11th BRICS summit in Brazil : News Photo
[BRICS leaders at a previous summit, in Brazil]

                                                                        

2021 is India’s turn to chair and host the BRICS (Brazil, Russia, India, China, South Africa) summit. These are annual meetings held in rotation by the heads of government of a group that was self-consciously knitted together as counterweight to the US and West-dominated multilateral organizations and as peer influencer of global affairs. That more details about the 15th summit are being withheld suggests there is trepidation within the Indian government.

     Prime Minister Narendra Modi is hoist with a dilemma. Of course, he would like to convey the impression to the world that, under his management, all’s well with India, and to use this event to project normalcy. Except there is a serious downside, especially with the Chinese government cock-a-hoop about getting the better of India in the underway military disengagement agreement in Ladakh and with President Xi Jinping preparing to grandstand at the BRICS forum on Modi’s turf!

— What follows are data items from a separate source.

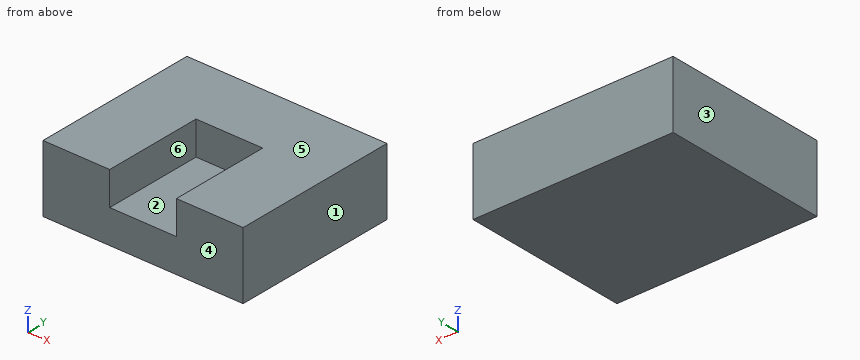
from build123d import *

# Parameters (mm, degrees)
F1_DEPTH = 63.5
F2_W     = 25.4
F2_H     = 12.7
F3_DEPTH = 38.1


with BuildPart() as f1:
    # F0 (on Front) → F1 (new body)
    with BuildSketch(Plane.XZ):
        Polygon((50.8, 12.7), (0, 12.7), (-25.4, 12.7), (-25.4, 0), (-25.4, -12.7), (50.8, -12.7), (50.8, 0), align=None)
    extrude(amount=-F1_DEPTH)

    # F2 (on face) → F3 (cut)
    with BuildSketch(Plane.XZ):
        with Locations((12.7, 6.35)):
            Rectangle(F2_W, F2_H)
    extrude(amount=-F3_DEPTH, mode=Mode.SUBTRACT)


solid = f1.part
Build history of the part. All positions in model axes, mm. Face numbers are marked on the shaded views. A direction names the side the tool comes from. Coordinates: 2 decimals unless noted, no trailing zeros. Order: outer loops, then holes, each group sorted by start corner. A loop starts at its lowest first (then second) coordinate and runs counter-clockwise, first axis right, second up. Notation, with made-up numbers: (62, -5.75) - (92, -5.75) arc R20 ccw to (92, 29.25) - close; hole circle Ø4 at (3.5, 31). An arc over 180 degrees is marked (long way). Write each question's results on one line, items separated by ' | '. Start each with the question number.
Item 1: Mould opens along X. For the marked faces 1, 2, 3 and 4 say: released by +X, released by -X, zero draft, split by the parting line, or undercut.
Item 2: Band-saw the part on A-A on y = 18. Write the cut outline in (x, z), and give its area (3 significant figures).
Item 3: Tool access for the marked faces 5 and 6: list every direction of +Z, -Z, +X, -X, +Y, -Y with a clear straight run to the whole face (end or side of a thin tool).
Item 4: Band-saw the part on C-C on z = 1.25. Write the cut outline in (x, y), and give its area (3 significant figures).
Item 5: Wall check: probe 1 along Y at (x, z) = (1, 7.25); probe 2 along Z at (x, y) = (13, 28); probe 3 along X at (y, z) = (4, 2.25). Give the ranges that are in metal, low to high. Write a range as [from, to].
Item 6: Flat gauge pin, fed straight in: pin 1 (12.5 mm diameter, centred on x = 14.5, y = 21, fed in from +Z). Where does the tip first touch, or does it go through?
Item 7: Band-saw the part on B-B on x = 4. Write the cut outline in (y, z).
Numbers:
1) face 1: released by +X | face 2: undercut | face 3: released by -X | face 4: zero draft
2) outline: (-25.4, -12.7) - (50.8, -12.7) - (50.8, 12.7) - (25.4, 12.7) - (25.4, 0) - (0, 0) - (0, 12.7) - (-25.4, 12.7) - close | area: 1,610 mm^2
3) face 5: +Z, +X, -X, +Y, -Y | face 6: +Z, -Y
4) outline: (-25.4, 0) - (0, 0) - (0, 38.1) - (25.4, 38.1) - (25.4, 0) - (50.8, 0) - (50.8, 63.5) - (-25.4, 63.5) - close | area: 3,870 mm^2
5) probe 1: [38.1, 63.5] | probe 2: [-12.7, 0] | probe 3: [-25.4, 0], [25.4, 50.8]
6) pin 1: z = 0
7) outline: (0, -12.7) - (63.5, -12.7) - (63.5, 12.7) - (38.1, 12.7) - (38.1, 0) - (0, 0) - close

     Consider this. Delhi’s summit announcement was almost instantly welcomed by the Chinese Foreign Ministry as an occasion “to consolidate the three-pillar cooperation” that China is committed to.  The “three pillars” being “policy and security”, “economy and finance” and “culture and people-to-people exchanges.” With a strong military and economy, Beijing expects to continue dominating BRICS. To prevent the Indian government from backsliding on the summit decision that Beijing believes helps China’s international standing, Qian Feng, director of strategic research at the elite Tsinghua University, harped on the contradictions in Modi’s foreign policy. He pointed out to Global Times, a Chinese Communist party-controlled newspaper, how India uses BRICS to both “enhance its status as a major power and participate in global governance” and to “better balance the country’s diplomacy” tilted towards the US-run Quad. Had India conspicuous gains to show from this forked stance, Modi would have won Beijing’s respect for “riding two horses” at the same time. Alas, the Indian government seems unable to get atop either horse!

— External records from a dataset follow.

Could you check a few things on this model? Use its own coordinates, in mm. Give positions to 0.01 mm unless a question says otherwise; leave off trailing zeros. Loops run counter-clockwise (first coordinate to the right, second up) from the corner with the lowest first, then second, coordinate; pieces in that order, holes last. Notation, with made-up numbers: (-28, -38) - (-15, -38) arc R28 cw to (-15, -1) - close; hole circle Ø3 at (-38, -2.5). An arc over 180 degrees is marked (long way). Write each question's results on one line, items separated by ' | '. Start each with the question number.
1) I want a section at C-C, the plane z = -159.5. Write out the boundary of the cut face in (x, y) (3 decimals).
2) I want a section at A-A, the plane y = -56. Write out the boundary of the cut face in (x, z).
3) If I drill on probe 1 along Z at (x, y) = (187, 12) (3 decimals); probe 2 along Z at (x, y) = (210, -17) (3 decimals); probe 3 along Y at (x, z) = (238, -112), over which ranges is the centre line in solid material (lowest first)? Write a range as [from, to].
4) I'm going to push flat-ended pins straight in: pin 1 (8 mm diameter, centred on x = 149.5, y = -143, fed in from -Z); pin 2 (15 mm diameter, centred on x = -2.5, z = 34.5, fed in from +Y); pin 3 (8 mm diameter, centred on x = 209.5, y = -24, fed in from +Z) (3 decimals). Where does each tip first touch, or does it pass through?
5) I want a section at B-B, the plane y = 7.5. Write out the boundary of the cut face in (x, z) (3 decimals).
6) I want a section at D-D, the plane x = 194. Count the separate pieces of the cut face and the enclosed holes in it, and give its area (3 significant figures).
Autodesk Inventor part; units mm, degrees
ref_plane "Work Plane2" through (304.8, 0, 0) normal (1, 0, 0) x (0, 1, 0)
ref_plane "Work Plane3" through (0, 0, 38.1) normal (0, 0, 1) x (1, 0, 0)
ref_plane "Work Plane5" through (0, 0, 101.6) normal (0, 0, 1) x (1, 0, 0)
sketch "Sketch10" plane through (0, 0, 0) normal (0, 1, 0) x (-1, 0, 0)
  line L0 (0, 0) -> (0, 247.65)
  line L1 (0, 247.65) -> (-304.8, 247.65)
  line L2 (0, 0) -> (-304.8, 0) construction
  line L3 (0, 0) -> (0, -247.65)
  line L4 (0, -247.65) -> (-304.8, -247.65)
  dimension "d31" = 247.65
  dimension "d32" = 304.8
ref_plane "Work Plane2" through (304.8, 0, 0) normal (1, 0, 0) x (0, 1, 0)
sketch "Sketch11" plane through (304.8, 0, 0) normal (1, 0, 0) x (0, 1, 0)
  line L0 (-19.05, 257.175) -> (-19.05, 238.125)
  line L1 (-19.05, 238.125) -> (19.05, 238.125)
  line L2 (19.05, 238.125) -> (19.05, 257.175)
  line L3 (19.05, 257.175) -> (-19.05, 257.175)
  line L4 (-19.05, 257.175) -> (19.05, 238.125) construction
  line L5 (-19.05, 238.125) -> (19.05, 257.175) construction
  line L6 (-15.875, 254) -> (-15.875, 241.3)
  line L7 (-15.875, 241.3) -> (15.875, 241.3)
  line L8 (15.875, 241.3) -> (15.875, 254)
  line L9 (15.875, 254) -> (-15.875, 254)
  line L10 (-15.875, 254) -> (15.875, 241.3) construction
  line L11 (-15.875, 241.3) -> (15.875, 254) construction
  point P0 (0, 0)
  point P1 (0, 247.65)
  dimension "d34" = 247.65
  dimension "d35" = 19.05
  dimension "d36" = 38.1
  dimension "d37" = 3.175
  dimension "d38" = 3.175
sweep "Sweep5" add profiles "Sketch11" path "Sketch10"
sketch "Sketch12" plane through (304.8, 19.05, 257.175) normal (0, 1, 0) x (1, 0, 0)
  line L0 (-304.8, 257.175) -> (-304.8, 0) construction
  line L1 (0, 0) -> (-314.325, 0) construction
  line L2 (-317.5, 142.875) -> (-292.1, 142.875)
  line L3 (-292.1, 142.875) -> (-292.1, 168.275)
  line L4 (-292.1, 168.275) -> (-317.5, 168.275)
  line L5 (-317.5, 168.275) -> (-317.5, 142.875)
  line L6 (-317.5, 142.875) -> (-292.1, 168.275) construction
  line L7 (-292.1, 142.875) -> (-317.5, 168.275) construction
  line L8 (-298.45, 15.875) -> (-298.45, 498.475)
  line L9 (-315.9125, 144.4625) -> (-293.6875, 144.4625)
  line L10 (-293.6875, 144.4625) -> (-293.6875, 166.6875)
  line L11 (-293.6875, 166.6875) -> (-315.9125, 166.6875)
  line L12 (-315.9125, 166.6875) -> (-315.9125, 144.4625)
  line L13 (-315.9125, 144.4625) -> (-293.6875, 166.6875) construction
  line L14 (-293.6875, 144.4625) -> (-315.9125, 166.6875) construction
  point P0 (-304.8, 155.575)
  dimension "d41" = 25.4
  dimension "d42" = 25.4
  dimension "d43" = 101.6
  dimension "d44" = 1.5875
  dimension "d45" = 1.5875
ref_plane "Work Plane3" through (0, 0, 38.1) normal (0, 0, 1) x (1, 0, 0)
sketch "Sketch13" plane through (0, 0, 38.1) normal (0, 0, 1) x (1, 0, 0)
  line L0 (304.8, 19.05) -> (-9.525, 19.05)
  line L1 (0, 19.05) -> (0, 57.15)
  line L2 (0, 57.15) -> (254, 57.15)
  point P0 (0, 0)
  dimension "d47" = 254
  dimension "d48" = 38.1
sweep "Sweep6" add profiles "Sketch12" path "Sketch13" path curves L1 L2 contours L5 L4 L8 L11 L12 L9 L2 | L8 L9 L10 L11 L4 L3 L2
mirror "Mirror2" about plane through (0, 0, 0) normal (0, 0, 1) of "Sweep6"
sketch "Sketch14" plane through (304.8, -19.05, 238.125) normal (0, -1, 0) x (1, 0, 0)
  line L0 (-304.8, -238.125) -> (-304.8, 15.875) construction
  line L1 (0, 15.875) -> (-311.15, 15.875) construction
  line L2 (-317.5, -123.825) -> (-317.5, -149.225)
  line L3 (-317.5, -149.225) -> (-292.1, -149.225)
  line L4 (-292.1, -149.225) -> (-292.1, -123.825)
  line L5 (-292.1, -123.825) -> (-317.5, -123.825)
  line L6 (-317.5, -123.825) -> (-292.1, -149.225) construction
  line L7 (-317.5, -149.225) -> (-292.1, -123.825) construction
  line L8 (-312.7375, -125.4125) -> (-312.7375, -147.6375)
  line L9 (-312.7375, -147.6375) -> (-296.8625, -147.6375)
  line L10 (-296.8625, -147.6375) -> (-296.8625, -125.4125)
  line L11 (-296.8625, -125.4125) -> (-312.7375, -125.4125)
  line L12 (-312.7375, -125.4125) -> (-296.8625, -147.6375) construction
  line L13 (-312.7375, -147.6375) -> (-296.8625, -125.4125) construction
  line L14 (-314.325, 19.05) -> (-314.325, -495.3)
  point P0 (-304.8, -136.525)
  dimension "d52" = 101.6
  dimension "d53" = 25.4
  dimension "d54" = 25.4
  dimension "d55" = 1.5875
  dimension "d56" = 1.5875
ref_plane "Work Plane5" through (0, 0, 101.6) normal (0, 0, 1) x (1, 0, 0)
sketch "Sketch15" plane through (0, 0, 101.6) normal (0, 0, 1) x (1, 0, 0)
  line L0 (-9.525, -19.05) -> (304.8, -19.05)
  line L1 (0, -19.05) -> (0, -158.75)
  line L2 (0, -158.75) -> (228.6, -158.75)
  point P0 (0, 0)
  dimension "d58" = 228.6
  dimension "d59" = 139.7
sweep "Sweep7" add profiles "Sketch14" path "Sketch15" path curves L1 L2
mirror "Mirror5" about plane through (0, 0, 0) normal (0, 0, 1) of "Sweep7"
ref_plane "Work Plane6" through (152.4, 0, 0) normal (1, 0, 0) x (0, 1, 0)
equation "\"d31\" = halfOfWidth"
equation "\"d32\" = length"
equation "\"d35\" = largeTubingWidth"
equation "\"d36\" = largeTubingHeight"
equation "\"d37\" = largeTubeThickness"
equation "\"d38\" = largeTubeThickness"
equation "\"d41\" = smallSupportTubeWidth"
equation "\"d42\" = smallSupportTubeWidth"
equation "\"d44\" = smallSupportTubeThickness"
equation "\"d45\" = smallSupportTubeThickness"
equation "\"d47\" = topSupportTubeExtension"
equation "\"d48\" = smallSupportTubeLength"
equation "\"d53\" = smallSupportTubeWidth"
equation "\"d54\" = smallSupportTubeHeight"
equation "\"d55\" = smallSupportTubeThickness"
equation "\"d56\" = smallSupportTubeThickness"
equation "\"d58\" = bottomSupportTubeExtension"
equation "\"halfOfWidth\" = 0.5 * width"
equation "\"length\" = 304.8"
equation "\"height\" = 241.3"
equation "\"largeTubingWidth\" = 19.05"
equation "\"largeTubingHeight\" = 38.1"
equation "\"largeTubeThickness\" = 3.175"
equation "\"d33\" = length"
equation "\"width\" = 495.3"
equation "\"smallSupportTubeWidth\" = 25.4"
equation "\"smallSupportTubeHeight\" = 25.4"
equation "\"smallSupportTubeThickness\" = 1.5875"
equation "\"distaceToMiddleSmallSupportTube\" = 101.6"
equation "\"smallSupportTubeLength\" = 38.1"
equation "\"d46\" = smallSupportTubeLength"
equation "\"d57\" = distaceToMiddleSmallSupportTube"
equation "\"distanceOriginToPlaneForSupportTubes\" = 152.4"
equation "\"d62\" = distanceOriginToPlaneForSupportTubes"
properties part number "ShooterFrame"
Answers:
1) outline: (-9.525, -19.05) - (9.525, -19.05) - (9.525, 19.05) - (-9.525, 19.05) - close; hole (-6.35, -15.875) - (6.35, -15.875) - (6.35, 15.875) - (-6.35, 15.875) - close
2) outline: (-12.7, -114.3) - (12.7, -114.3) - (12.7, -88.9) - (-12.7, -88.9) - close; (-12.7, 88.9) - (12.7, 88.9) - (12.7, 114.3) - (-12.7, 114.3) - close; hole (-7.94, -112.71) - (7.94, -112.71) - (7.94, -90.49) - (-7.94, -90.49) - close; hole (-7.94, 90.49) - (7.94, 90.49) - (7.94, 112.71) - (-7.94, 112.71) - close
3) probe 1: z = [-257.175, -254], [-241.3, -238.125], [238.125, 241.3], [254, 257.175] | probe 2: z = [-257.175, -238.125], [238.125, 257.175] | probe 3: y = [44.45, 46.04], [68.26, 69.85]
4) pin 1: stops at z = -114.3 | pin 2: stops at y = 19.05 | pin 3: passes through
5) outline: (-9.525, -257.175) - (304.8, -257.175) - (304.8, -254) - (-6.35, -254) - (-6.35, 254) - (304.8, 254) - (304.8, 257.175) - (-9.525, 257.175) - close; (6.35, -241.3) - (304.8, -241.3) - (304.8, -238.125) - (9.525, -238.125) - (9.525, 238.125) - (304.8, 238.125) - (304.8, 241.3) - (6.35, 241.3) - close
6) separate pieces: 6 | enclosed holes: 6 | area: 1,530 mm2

     This much is clear from the conversation last week between foreign minister S. Jaishankar and his Chinese counterpart Wang Yi on the partial de-escalation in Ladakh. While there was pullback of forces in the Pangong Lake area, with the Indian Special Frontier Force troops vacating the heights on the Kailash Range, the issue of the Chinese People’s Liberation Army (PLA) ending its blockade of the Y-Junction on the Depsang Plains to prevent Indian patrols from accessing the strategic Indian territory northwest-wards of it, was not even on the agenda. Far from restoring the status quo ante the Ministry for External Affairs was aiming for, it amounts to India, in effect, ceding some 1,000 sq kms to China.  It is a situation Beijing means to perpetuate, and was the reason for foreign minister S. Jaishankar’s calling his Chinese counterpart Wang Yi last week. Except Wang did not relent even a bit, sticking to Beijing’s position that the bilateral relations should not pivot on resolving the border dispute! All the give has been on Delhi’s part, leaving India militarily worse off than before the disengagement began.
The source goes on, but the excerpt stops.